El PAN de Gustavo Madero supo, pese a sus diferencias internas, capitalizar el momento para defender la sustancia de la reforma educativa y rechazar los daños ciudadanos afectados por las marchas y los bloqueos.
De manera que la postura de los panistas —la de preservar la obligatoriedad de la evaluación y sus consecuencias laborales en la ley— resultó clave para que el gobierno y el PRI se movieran en el centro del cabildeo, atemperando así los reclamos de la CNTE, mismos que diputados y senadores del PRD reivindicaron en el Congreso.
Pero la dirigencia de Jesús Zambrano también hizo su parte, al asumir por primera vez el costo de ser retórica y públicamente señalado como “traidor” por un movimiento magisterial cuyo discurso contra el statu quo le impide admitir que en la mesa de negociaciones ganó varias de sus demandas.

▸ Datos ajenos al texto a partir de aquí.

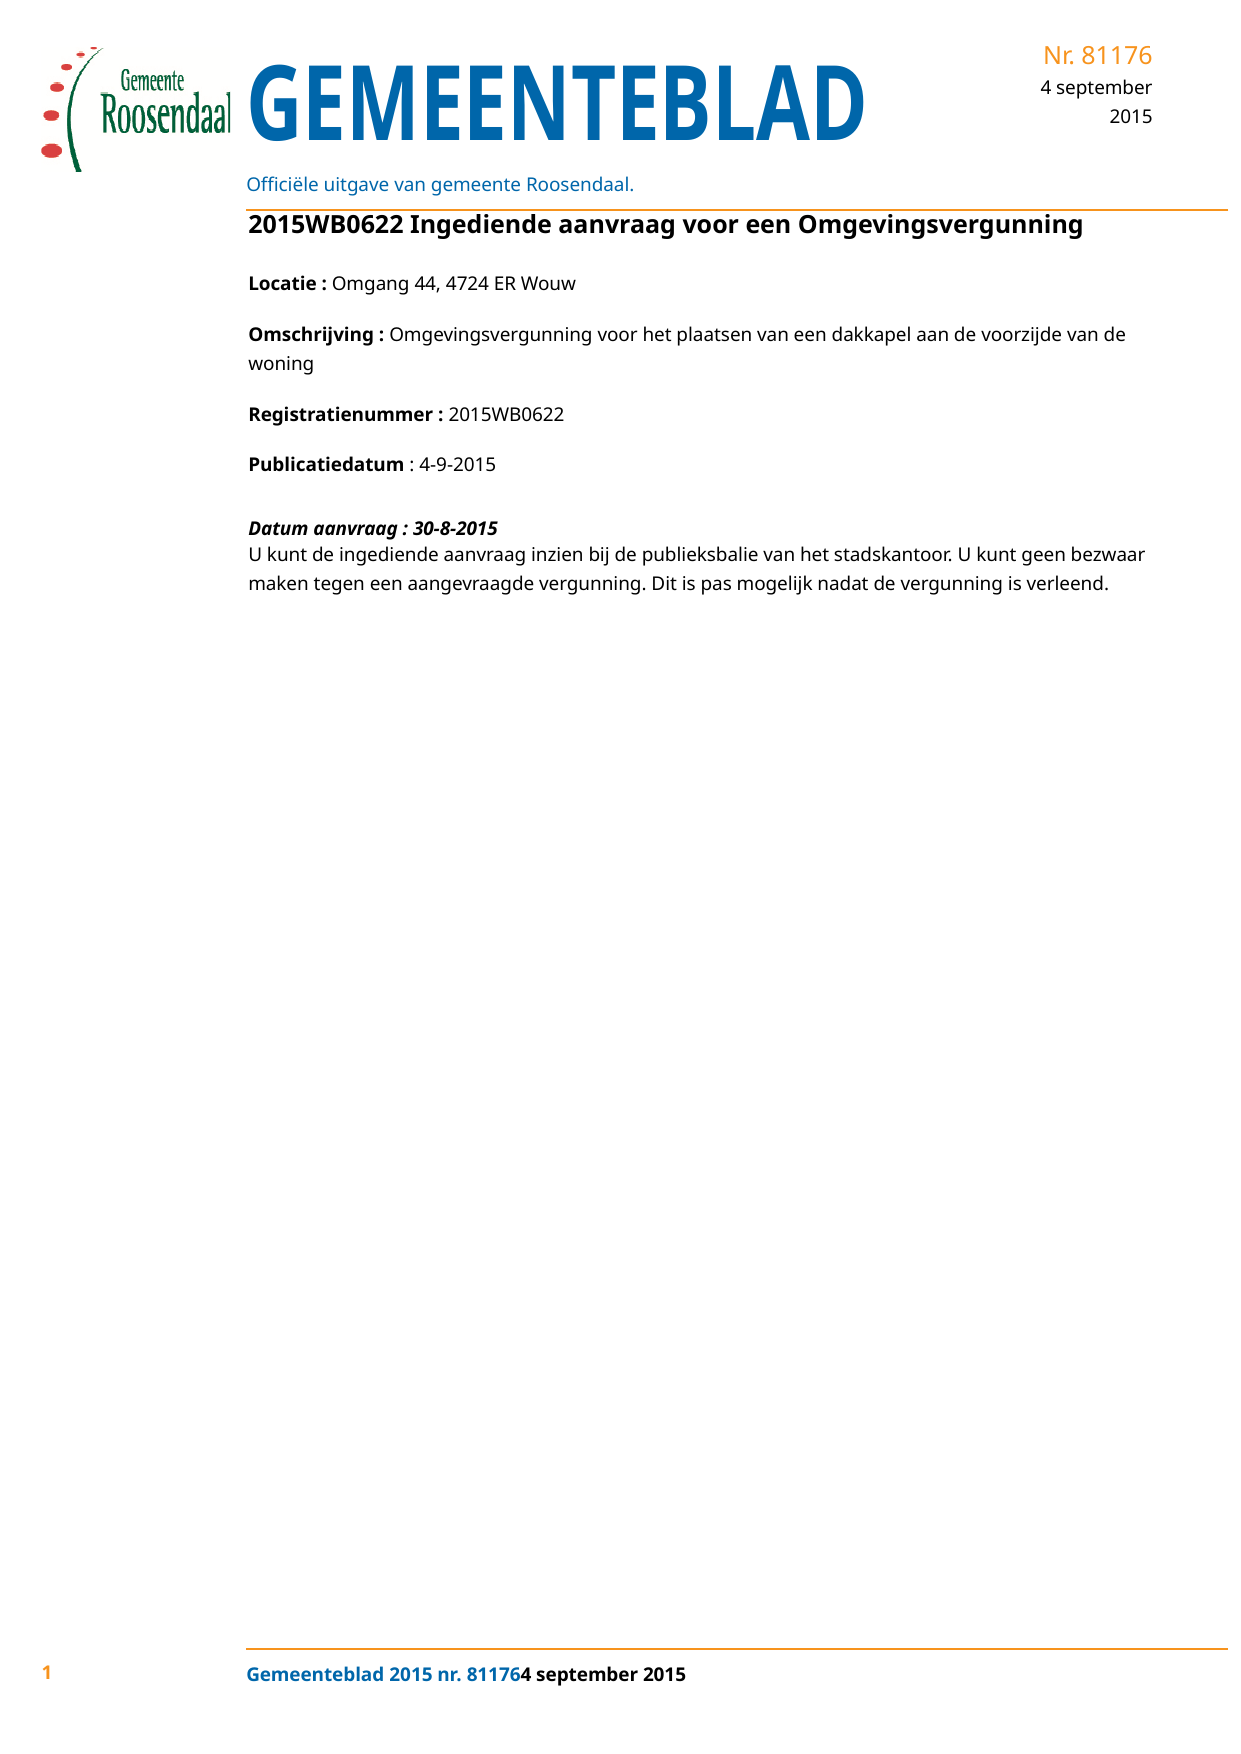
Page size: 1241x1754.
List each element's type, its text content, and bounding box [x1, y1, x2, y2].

Es cierto que en el origen de la crisis, cuando los profesores destrozaron vehículos en San Lázaro en protesta por la aprobación del dictamen de esa ley, los perredistas presionaron a Peña para evitar su votación y dar paso a otro documento que eliminara los aspectos punitivos, como la difusión pública de los resultados de la evaluación.
Pero también es cierto que, al final, Zambrano consiguió que una parte de la izquierda legitimara este nuevo servicio profesional docente que lenta, pero irremediablemente le dirá adiós a los más de 22 mil comisionados sindicales y a la venta o herencia de plazas, al tiempo que detectará mediante la evaluación al personal sin la formación suficiente para reasignarlo a tareas administrativas.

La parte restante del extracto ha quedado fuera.